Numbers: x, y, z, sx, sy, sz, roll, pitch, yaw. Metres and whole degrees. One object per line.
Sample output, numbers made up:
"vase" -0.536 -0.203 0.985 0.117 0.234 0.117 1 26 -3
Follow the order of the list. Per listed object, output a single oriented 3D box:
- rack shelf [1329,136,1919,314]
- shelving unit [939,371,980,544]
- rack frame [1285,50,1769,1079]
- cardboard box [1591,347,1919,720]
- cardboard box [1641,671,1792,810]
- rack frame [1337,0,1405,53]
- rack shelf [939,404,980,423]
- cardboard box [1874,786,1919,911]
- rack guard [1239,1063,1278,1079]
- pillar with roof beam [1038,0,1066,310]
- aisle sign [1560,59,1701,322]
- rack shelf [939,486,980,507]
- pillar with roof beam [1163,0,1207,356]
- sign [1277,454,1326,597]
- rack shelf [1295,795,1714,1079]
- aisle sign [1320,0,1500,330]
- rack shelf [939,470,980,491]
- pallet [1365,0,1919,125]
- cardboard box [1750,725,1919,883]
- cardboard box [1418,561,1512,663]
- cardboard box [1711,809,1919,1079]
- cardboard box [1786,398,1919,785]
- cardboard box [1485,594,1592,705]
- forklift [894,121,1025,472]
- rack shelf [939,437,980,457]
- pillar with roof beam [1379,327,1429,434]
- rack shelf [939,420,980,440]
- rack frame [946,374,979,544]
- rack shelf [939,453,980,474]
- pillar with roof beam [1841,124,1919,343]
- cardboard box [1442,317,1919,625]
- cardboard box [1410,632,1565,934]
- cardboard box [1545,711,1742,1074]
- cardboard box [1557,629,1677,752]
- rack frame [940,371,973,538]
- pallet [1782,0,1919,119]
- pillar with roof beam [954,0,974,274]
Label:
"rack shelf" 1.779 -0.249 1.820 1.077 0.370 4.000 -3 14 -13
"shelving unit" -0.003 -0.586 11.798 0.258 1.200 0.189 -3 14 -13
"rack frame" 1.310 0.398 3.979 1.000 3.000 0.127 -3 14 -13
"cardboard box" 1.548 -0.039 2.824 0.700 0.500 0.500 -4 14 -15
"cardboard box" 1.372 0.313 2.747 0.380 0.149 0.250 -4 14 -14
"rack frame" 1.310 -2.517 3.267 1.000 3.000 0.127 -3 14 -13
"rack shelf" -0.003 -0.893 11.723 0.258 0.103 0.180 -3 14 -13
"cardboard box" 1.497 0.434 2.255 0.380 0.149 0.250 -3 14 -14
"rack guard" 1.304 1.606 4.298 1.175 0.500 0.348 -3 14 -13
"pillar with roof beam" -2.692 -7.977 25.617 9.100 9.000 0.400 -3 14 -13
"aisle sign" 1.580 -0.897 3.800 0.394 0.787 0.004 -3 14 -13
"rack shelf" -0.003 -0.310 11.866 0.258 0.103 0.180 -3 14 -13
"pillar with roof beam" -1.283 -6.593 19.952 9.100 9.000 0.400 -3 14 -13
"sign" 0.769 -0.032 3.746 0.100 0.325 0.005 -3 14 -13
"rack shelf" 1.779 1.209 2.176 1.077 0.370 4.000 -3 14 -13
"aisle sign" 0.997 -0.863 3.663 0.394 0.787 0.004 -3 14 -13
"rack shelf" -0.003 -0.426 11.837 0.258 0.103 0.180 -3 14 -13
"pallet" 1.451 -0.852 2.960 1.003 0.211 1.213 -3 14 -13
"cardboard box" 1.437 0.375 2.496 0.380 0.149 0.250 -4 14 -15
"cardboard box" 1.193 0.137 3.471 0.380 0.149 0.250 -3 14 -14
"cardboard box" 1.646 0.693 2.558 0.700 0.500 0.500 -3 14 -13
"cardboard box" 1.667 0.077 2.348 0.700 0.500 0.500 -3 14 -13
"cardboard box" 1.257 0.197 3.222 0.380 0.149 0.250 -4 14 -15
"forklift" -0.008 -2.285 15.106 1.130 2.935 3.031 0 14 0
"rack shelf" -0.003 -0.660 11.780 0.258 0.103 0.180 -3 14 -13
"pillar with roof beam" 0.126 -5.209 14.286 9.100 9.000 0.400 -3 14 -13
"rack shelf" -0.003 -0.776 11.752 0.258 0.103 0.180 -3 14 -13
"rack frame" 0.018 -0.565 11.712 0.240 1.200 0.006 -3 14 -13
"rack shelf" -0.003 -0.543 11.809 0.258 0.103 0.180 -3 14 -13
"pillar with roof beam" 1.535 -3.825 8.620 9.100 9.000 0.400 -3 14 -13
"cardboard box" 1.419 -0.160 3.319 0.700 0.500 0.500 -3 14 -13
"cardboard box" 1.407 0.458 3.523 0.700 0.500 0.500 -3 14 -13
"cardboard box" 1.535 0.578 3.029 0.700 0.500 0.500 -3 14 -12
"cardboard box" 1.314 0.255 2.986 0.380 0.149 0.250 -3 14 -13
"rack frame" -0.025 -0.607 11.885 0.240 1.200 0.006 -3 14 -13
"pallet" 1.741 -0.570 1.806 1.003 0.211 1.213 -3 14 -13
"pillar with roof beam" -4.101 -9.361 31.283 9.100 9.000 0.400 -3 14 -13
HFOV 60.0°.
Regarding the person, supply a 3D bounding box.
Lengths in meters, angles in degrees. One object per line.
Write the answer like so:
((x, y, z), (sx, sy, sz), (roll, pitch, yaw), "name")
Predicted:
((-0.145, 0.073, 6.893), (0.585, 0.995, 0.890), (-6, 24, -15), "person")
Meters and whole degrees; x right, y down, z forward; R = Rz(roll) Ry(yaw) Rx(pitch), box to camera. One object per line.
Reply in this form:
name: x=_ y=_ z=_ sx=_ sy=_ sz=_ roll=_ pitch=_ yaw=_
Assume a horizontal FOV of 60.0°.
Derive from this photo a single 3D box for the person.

========================================================================

* Exercise description: The response must consist solely of the lines from the top of the records through the line holding "- rack shelf [939,453,980,474]", copied word for word.

* Task answer:
Numbers: x, y, z, sx, sy, sz, roll, pitch, yaw. Metres and whole degrees. One object per line.
Sample output, numbers made up:
"vase" -0.536 -0.203 0.985 0.117 0.234 0.117 1 26 -3
Follow the order of the list. Per listed object, output a single oriented 3D box:
- rack shelf [1329,136,1919,314]
- shelving unit [939,371,980,544]
- rack frame [1285,50,1769,1079]
- cardboard box [1591,347,1919,720]
- cardboard box [1641,671,1792,810]
- rack frame [1337,0,1405,53]
- rack shelf [939,404,980,423]
- cardboard box [1874,786,1919,911]
- rack guard [1239,1063,1278,1079]
- pillar with roof beam [1038,0,1066,310]
- aisle sign [1560,59,1701,322]
- rack shelf [939,486,980,507]
- pillar with roof beam [1163,0,1207,356]
- sign [1277,454,1326,597]
- rack shelf [1295,795,1714,1079]
- aisle sign [1320,0,1500,330]
- rack shelf [939,470,980,491]
- pallet [1365,0,1919,125]
- cardboard box [1750,725,1919,883]
- cardboard box [1418,561,1512,663]
- cardboard box [1711,809,1919,1079]
- cardboard box [1786,398,1919,785]
- cardboard box [1485,594,1592,705]
- forklift [894,121,1025,472]
- rack shelf [939,437,980,457]
- pillar with roof beam [1379,327,1429,434]
- rack shelf [939,420,980,440]
- rack frame [946,374,979,544]
- rack shelf [939,453,980,474]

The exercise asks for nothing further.